BBC Films Documentary Series in Music Department

As part of the documentary series, Sound of Song, which will explore the history and development of popular music recording, the BBC has been filming in the Music Department at City University London. Sequences demonstrating historical recording practices, contemporary digital processes, and demonstrations on the Steinway grand piano of  works by Irving Berlin, Phil Spector, Louis Armstrong, Frank Sinatra and Lieber and Stoller were filmed in the Department’s Performance Space and Recording Studio.

Dr Miguel Mera, Deputy Head of Music, commented: “We have always had strong external links with the music industries, but it is especially pleasing to be working on this project with the BBC, not least because the writer and presenter, Neil Brand, has performed in our concert series and has given guest lectures to our students.
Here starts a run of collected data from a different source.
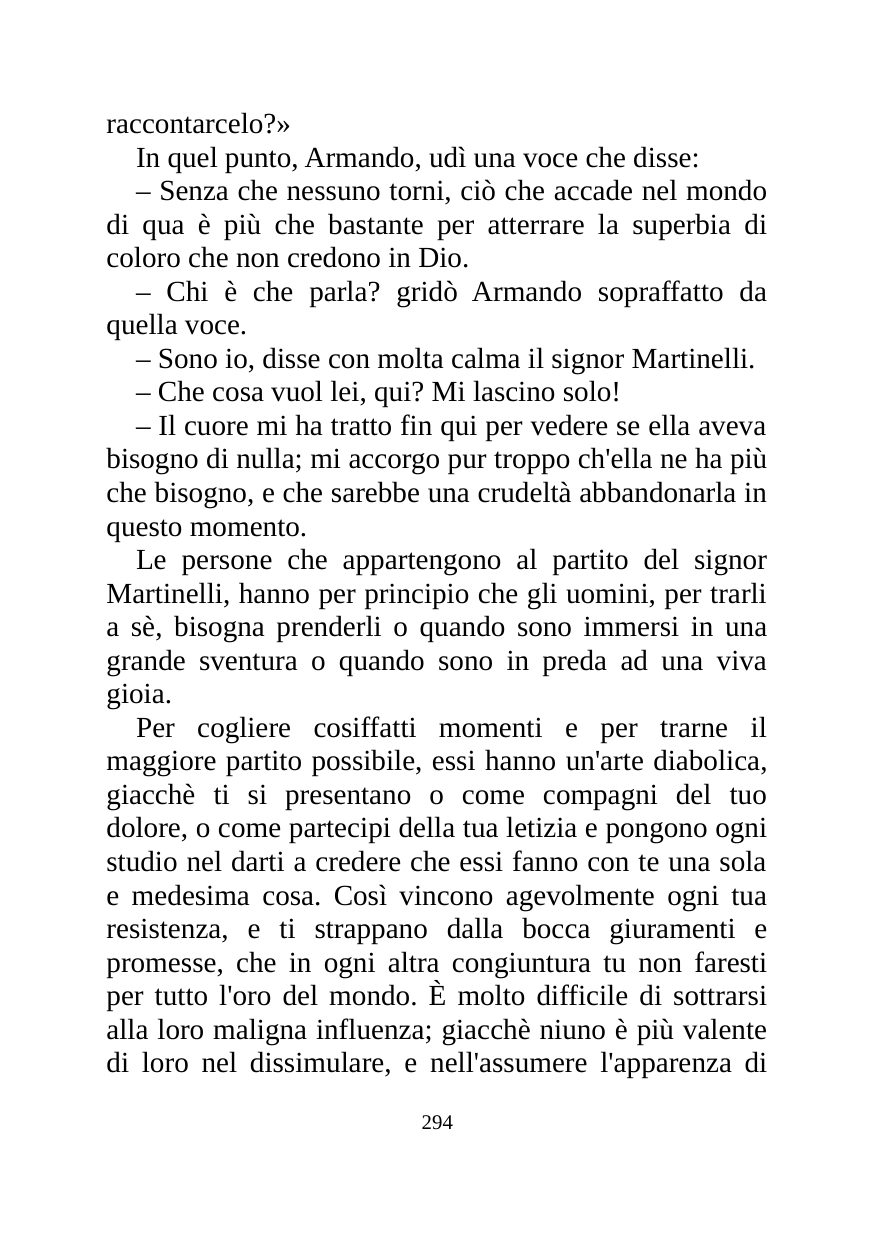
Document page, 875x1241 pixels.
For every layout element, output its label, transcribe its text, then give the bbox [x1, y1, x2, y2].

text Le persone che appartengono al partito del signor Martinelli, hanno per principio che gli uomini, per trarli a sè, bisogna prenderli o quando sono immersi in una grande sventura o quando sono in preda ad una viva gioia. [106, 542, 768, 710]
text – Il cuore mi ha tratto fin qui per vedere se ella aveva bisogno di nulla; mi accorgo pur troppo ch'ella ne ha più che bisogno, e che sarebbe una crudeltà abbandonarla in questo momento. [106, 408, 768, 542]
text – Senza che nessuno torni, ciò che accade nel mondo di qua è più che bastante per atterrare la superbia di coloro che non credono in Dio. [106, 173, 768, 274]
text In quel punto, Armando, udì una voce che disse: [106, 140, 768, 173]
text Per cogliere cosiffatti momenti e per trarne il maggiore partito possibile, essi hanno un'arte diabolica, giacchè ti si presentano o come compagni del tuo dolore, o come partecipi della tua letizia e pongono ogni studio nel darti a credere che essi fanno con te una sola e medesima cosa. Così vincono agevolmente ogni tua resistenza, e ti strappano dalla bocca giuramenti e promesse, che in ogni altra congiuntura tu non faresti per tutto l'oro del mondo. È molto difficile di sottrarsi alla loro maligna influenza; giacchè niuno è più valente di loro nel dissimulare, e nell'assumere l'apparenza di [106, 710, 768, 1079]
text raccontarcelo?» [106, 106, 768, 140]
text – Che cosa vuol lei, qui? Mi lascino solo! [106, 374, 768, 408]
text – Chi è che parla? gridò Armando sopraffatto da quella voce. [106, 274, 768, 341]
text – Sono io, disse con molta calma il signor Martinelli. [106, 341, 768, 374]
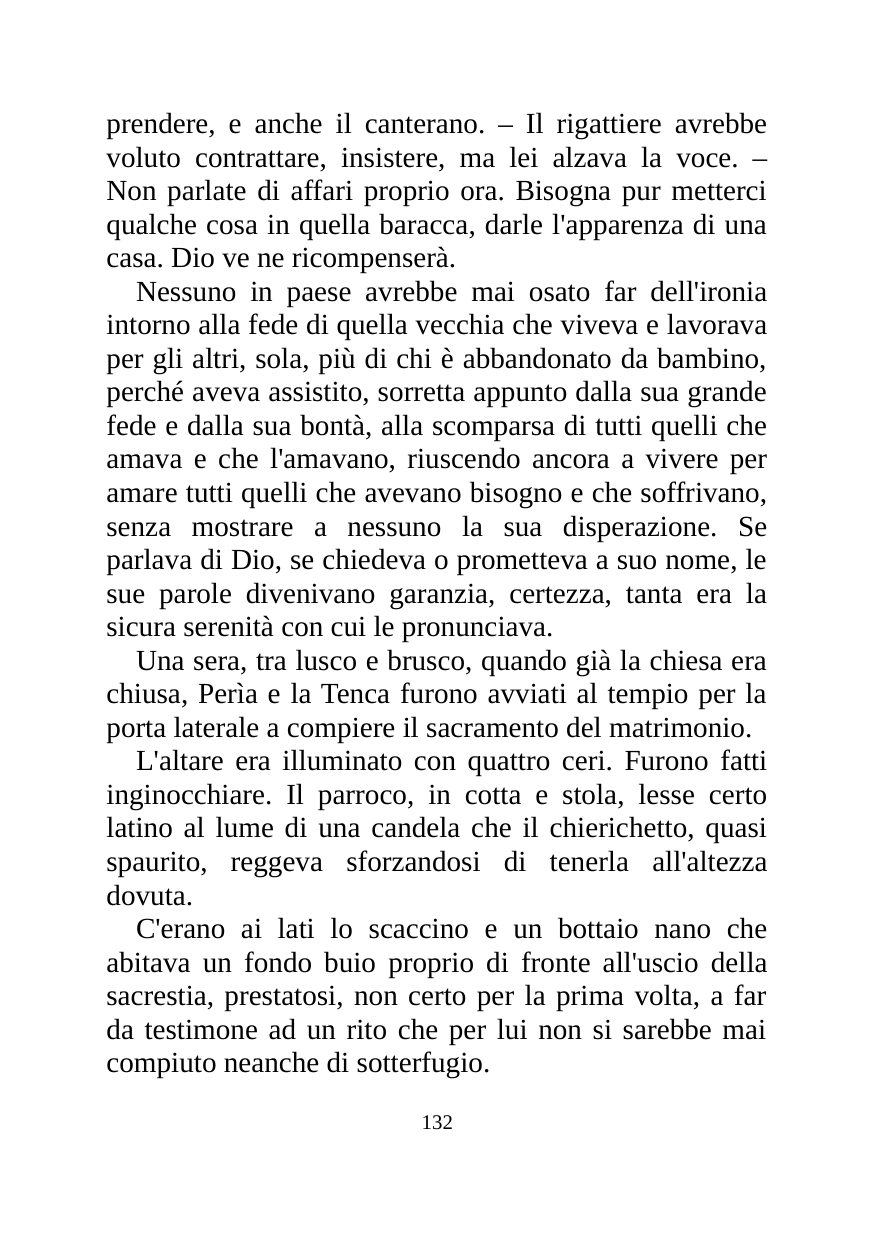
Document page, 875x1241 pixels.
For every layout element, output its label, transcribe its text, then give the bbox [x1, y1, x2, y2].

text Nessuno in paese avrebbe mai osato far dell'ironia intorno alla fede di quella vecchia che viveva e lavorava per gli altri, sola, più di chi è abbandonato da bambino, perché aveva assistito, sorretta appunto dalla sua grande fede e dalla sua bontà, alla scomparsa di tutti quelli che amava e che l'amavano, riuscendo ancora a vivere per amare tutti quelli che avevano bisogno e che soffrivano, senza mostrare a nessuno la sua disperazione. Se parlava di Dio, se chiedeva o prometteva a suo nome, le sue parole divenivano garanzia, certezza, tanta era la sicura serenità con cui le pronunciava. [106, 274, 768, 643]
text L'altare era illuminato con quattro ceri. Furono fatti inginocchiare. Il parroco, in cotta e stola, lesse certo latino al lume di una candela che il chierichetto, quasi spaurito, reggeva sforzandosi di tenerla all'altezza dovuta. [106, 743, 768, 911]
text Una sera, tra lusco e brusco, quando già la chiesa era chiusa, Perìa e la Tenca furono avviati al tempio per la porta laterale a compiere il sacramento del matrimonio. [106, 643, 768, 743]
text prendere, e anche il canterano. – Il rigattiere avrebbe voluto contrattare, insistere, ma lei alzava la voce. – Non parlate di affari proprio ora. Bisogna pur metterci qualche cosa in quella baracca, darle l'apparenza di una casa. Dio ve ne ricompenserà. [106, 106, 768, 274]
text C'erano ai lati lo scaccino e un bottaio nano che abitava un fondo buio proprio di fronte all'uscio della sacrestia, prestatosi, non certo per la prima volta, a far da testimone ad un rito che per lui non si sarebbe mai compiuto neanche di sotterfugio. [106, 911, 768, 1079]
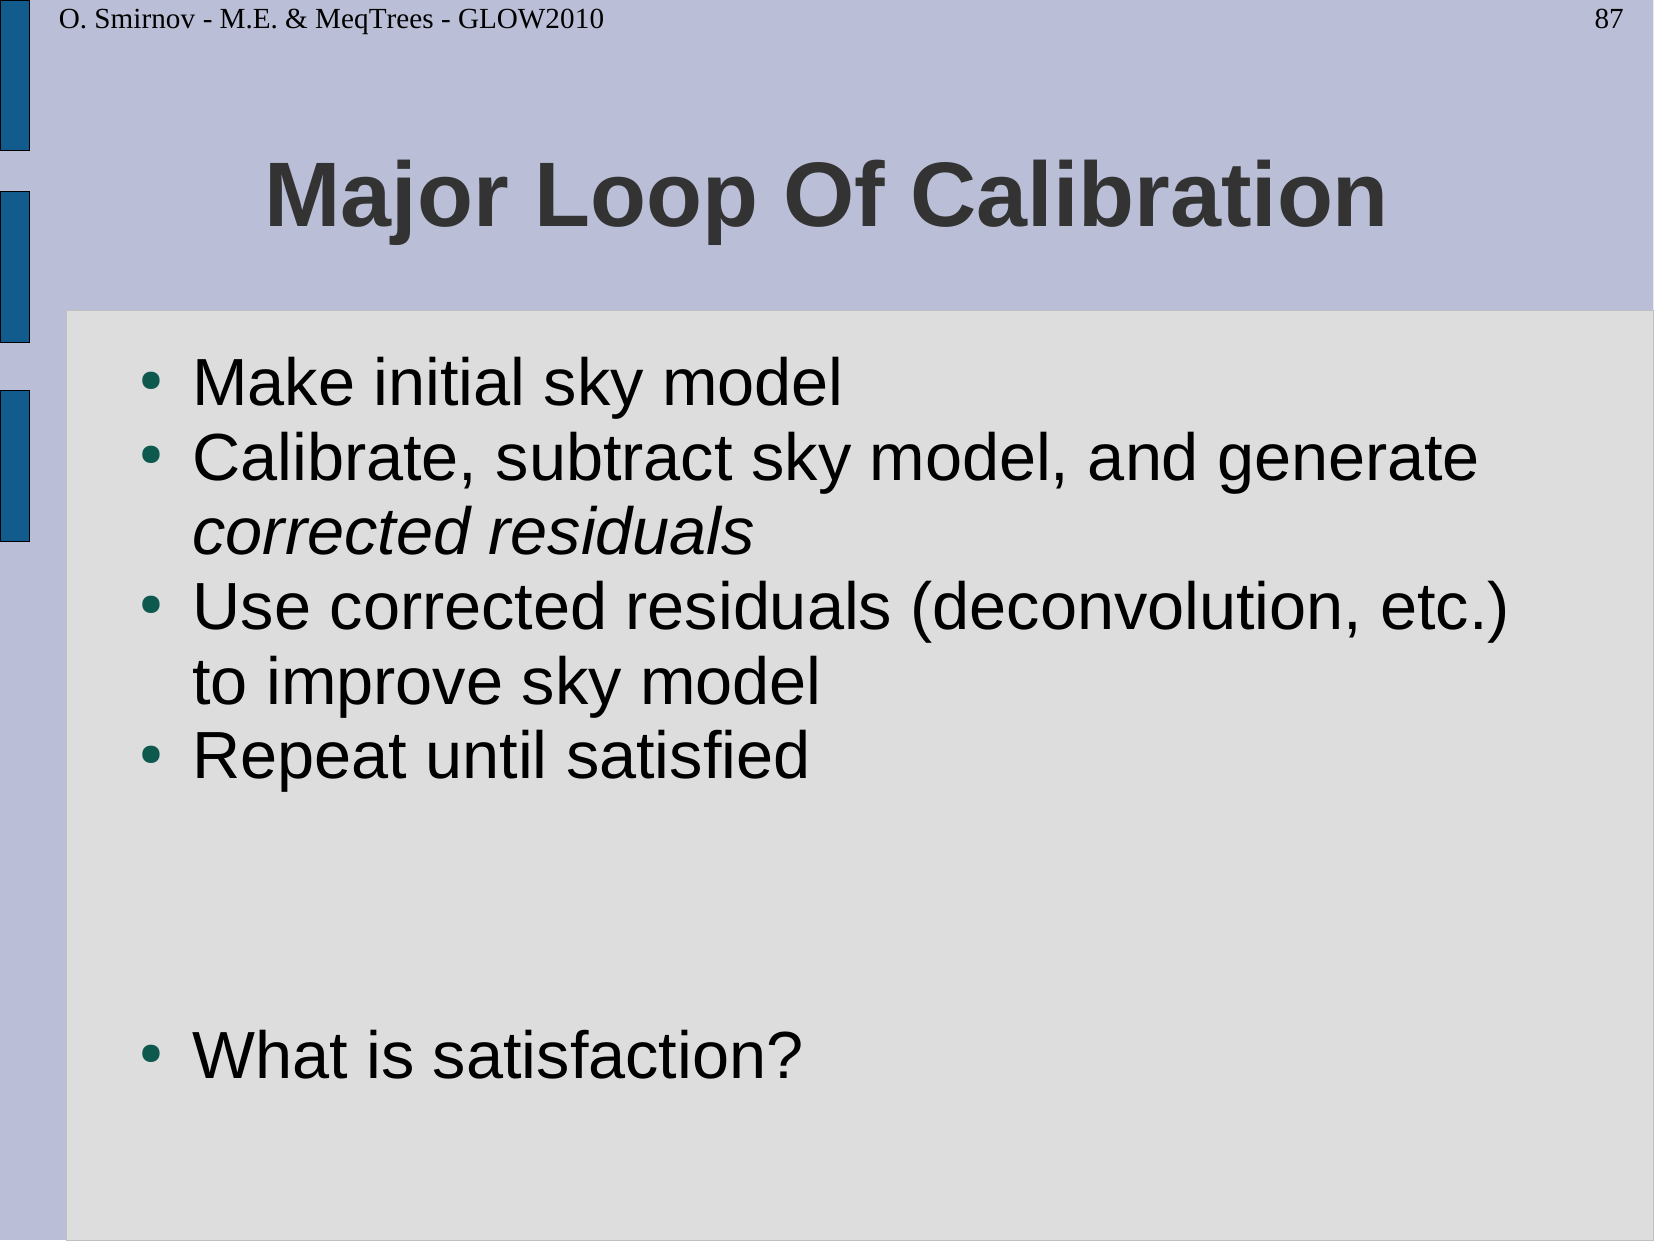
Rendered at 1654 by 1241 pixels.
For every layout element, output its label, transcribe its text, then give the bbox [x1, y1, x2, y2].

list Make initial sky model Calibrate, subtract sky model, and generate corrected residuals Use corrected residuals (deconvolution, etc.) to improve sky model Repeat until satisfied What is satisfaction? [121, 344, 1534, 1164]
title Major Loop Of Calibration [121, 91, 1534, 299]
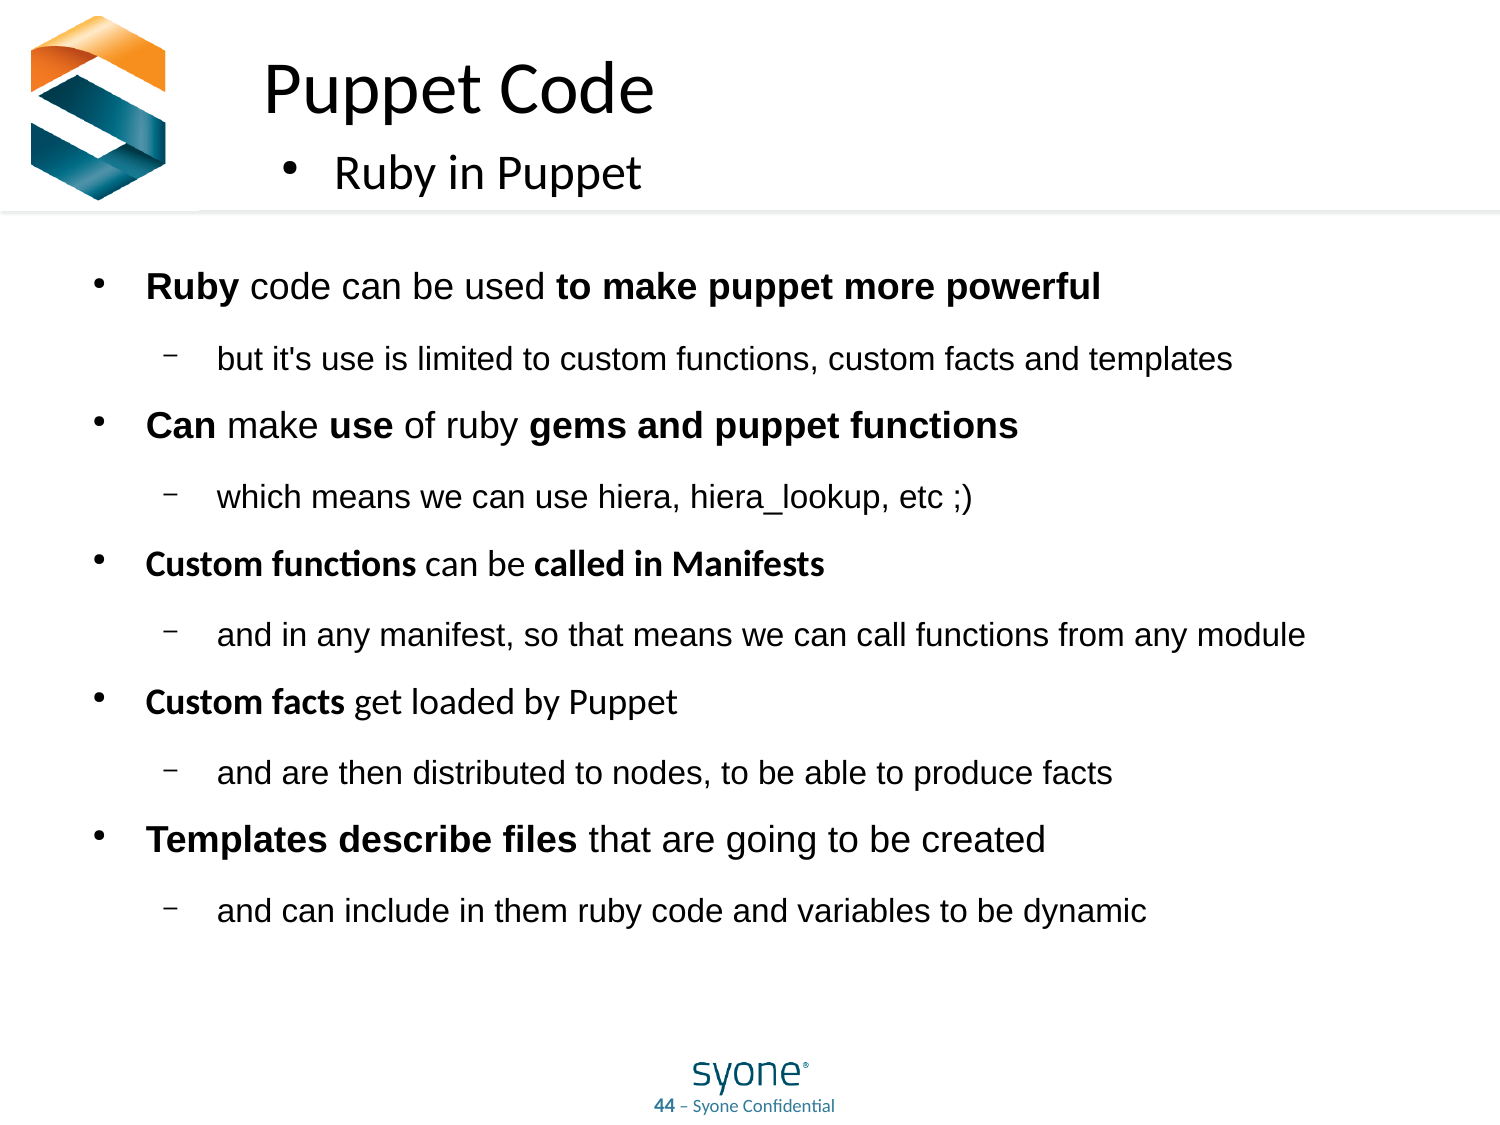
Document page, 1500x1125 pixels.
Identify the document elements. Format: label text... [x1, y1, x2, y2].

title Puppet Code [248, 37, 1355, 129]
picture [687, 1056, 813, 1098]
list Ruby code can be used to make puppet more powerful but it's use is limited to custom functions, custom facts and templates Can make use of ruby gems and puppet functions which means we can use hiera, hiera_lookup, etc ;) Custom functions can be called in Manifests and in any manifest, so that means we can call functions from any module Custom facts get loaded by Puppet and are then distributed to nodes, to be able to produce facts Templates describe files that are going to be created and can include in them ruby code and variables to be dynamic [75, 262, 1426, 1005]
list Ruby in Puppet [248, 139, 1355, 207]
picture [0, 0, 1500, 219]
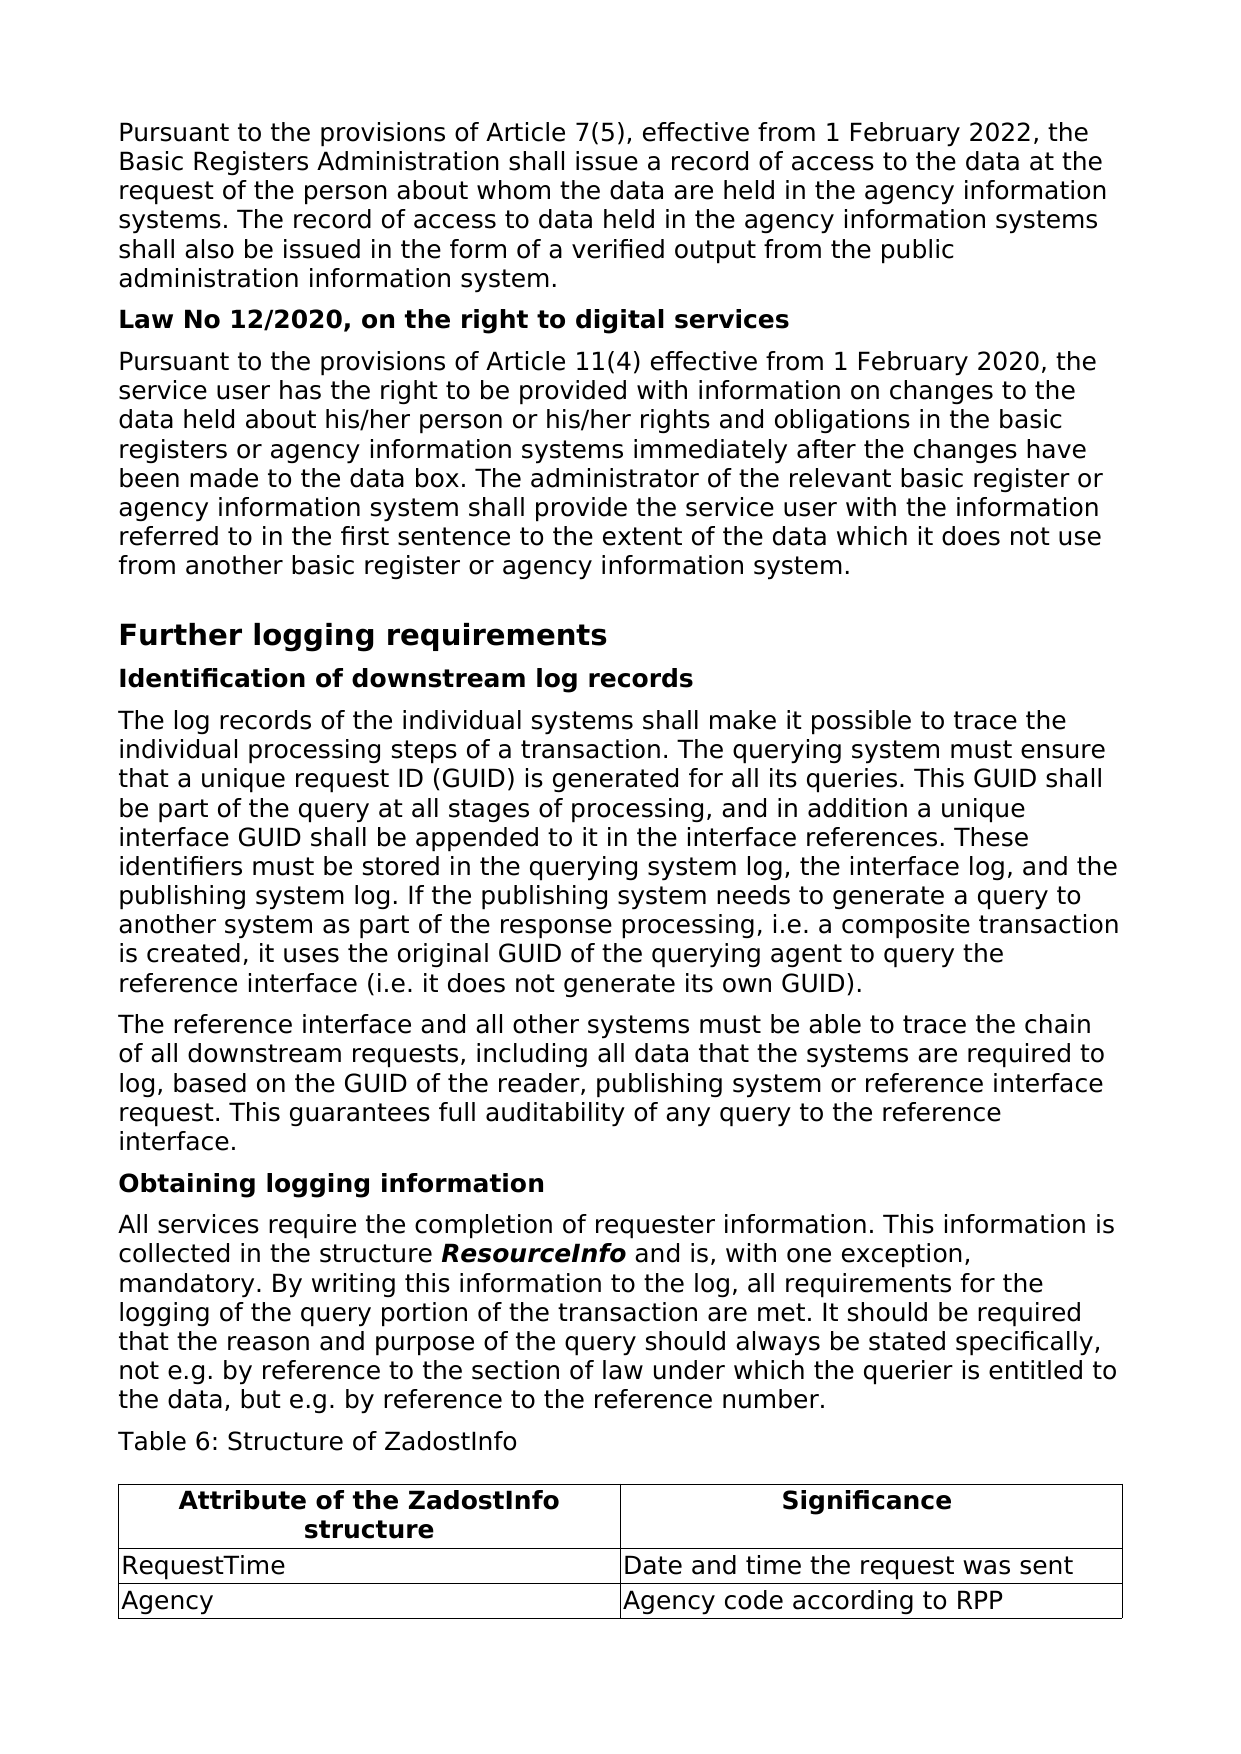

Also, this documentary ​focuses on the close interaction between music and technology which has been a core concern of the Music Department at City since its inception.”

Neil Brand commented: “We’ve had a great time filming here in these wonderful facilities, we have had absolutely everything we needed in one very convenient space, and the result is better than I could have hoped.”

Series Producer Alastair Williams also highlighted how the City Performance Space was ideal for the BBC’s needs: “It gave us an opportunity to re-enact and produce our own musical moments from the history of recorded music.  So we recreated the Edison Tone Test and gathered a band together to record acoustically as they did in 1906 on wax cylinders.  And in the recording studio we made our own version of the song  ‘Believe’ by Cher to illustrate how Pro-Tools and Auto-Tune can change the Sound of Song.  These were fascinating and productive days exploring a century of recorded sound.”

The three-part series will be broadcast on BBC 4 in January 2015.